Today I really put my new router to use in preparing for building the wine rack my wife has been asking for. I made a circle jig (the one I made last night broke) and a jig specific to this wine rack. 

Overall I am very pleased with my new router. I only used it with the fixed base. Once the wine rack is done, I'll jump into the plunge base. There's plenty of power. It didn't seem to bog down any as I was working on the jigs. I love the soft start technology. I recall have to get a death grip on my 2 HP Ryobi 180 before I pressed the power button. The work area lighting is great. I can actually see what I am doing. And, the depth adjustment is the cat's meow. Once again, I can only compare it to the Ryobi which had a plastic ring around the motor. I fell in love with the depth adjustment. Much easier and apparently not prone to jamming with saw dust like the older Ryobi. I love dust port although I haven't used it yet. 

I only have two gripes. The first is the power cord. It's detachable from the motor. While I like that, I have only been able to get it off the motor once. I'll have to study more on that later as I must be missing a trick to getting off. I am glad that there's plenty of the length to the power cord. My second gripe is the soft case it came in. Really? We should be getting a hard case for this router.

Overall, I'm giving it five stars and two thumbs up. Yes, it's like night and day (or space travel and the Wright Brother's first airplane) comparing it to the Ryobi. I'm glad I bought it and look forward to using it more. If something happened to it, I'd rushing out to get another just like it. And, I would recommend it to others.


----------



## ryan50hrl (Jun 30, 2012)

The cord.....is a quarter turn and then pull out. 

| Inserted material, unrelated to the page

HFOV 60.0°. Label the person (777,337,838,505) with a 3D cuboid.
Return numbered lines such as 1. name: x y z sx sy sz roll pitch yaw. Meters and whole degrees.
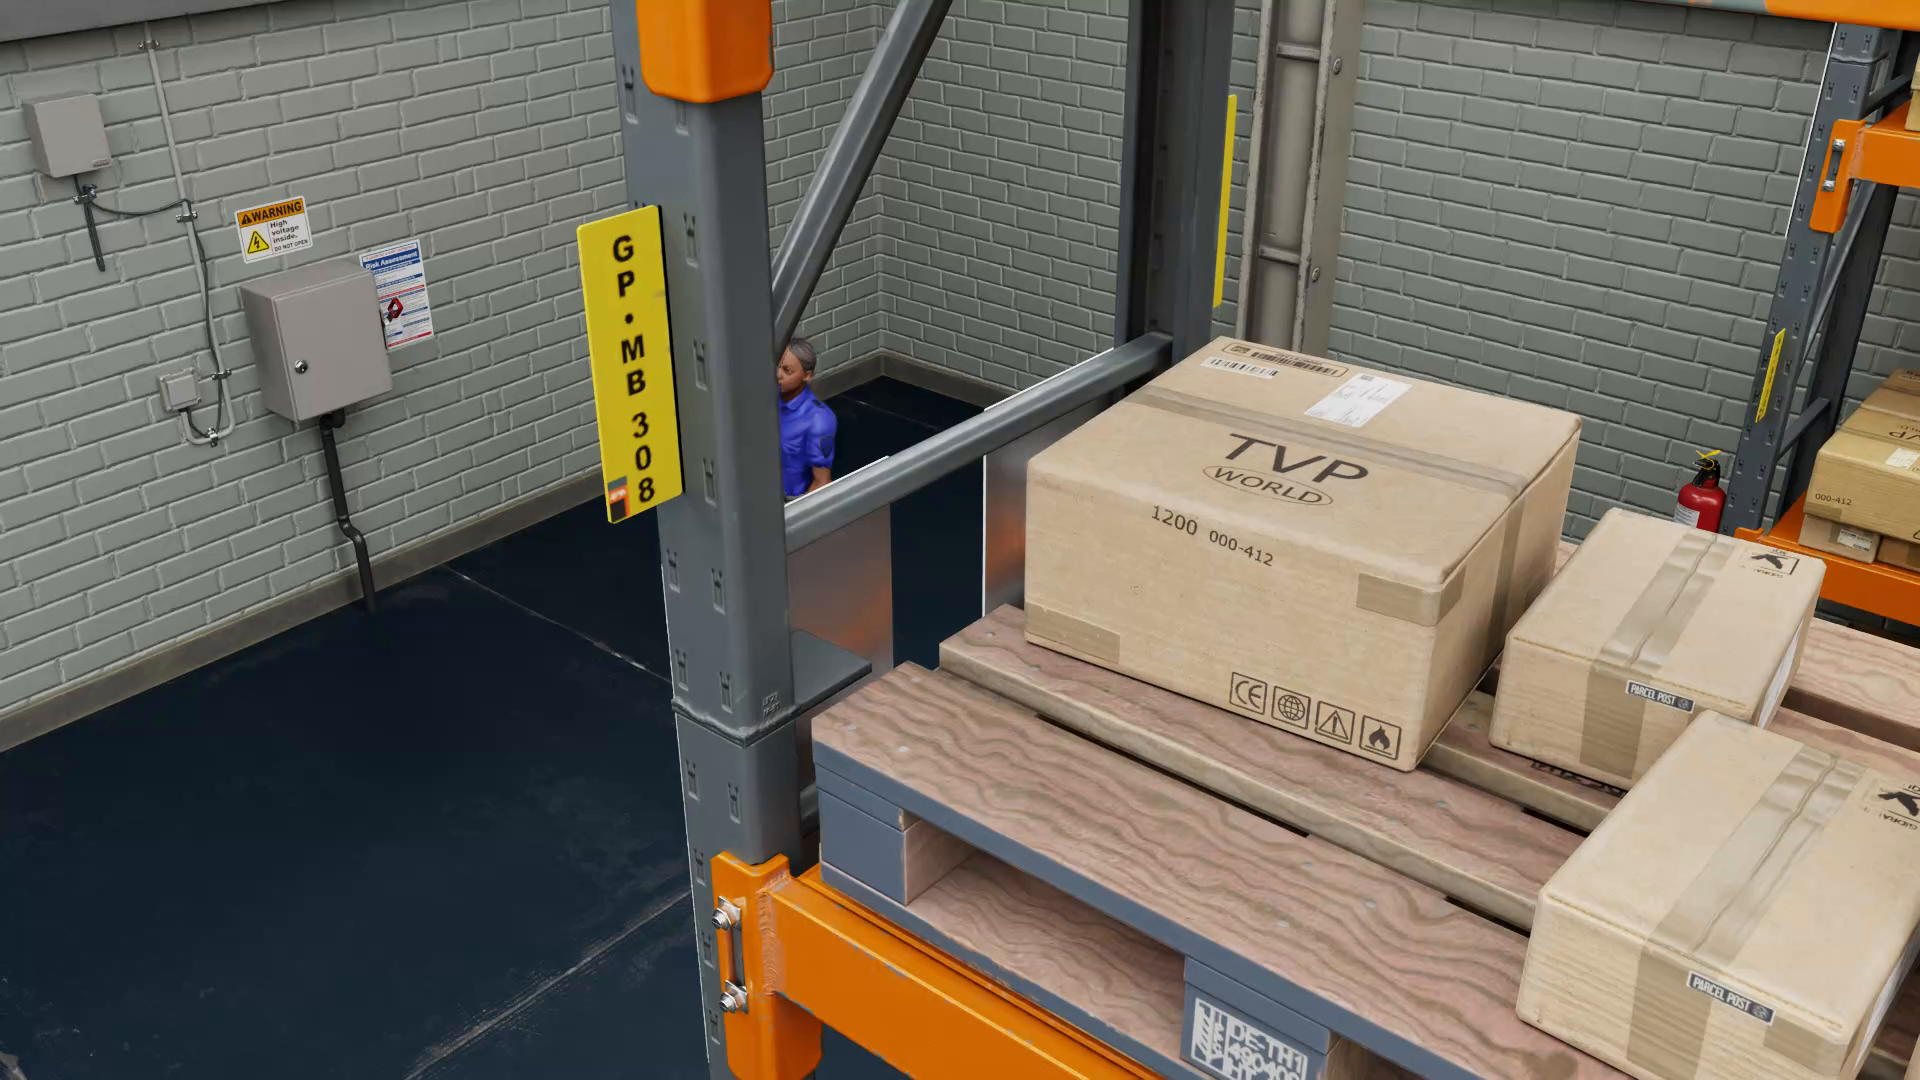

The hard case would likely join the stack of other hard cases in my basement........I'm a fan of the soft cases but I know not everyone is. The dewalt jig saw I bought also came with a soft case last year.....I think you'll likely see more of that trend.


----------



## LarrynKy (Jul 24, 2012)

I also bought this Craftsman router. Does anyone know what pre-drill router insert plate will fit this router? I saw a listing on rockler.com has a pre-drilled for a craftsman standard. I don't know what that means...


----------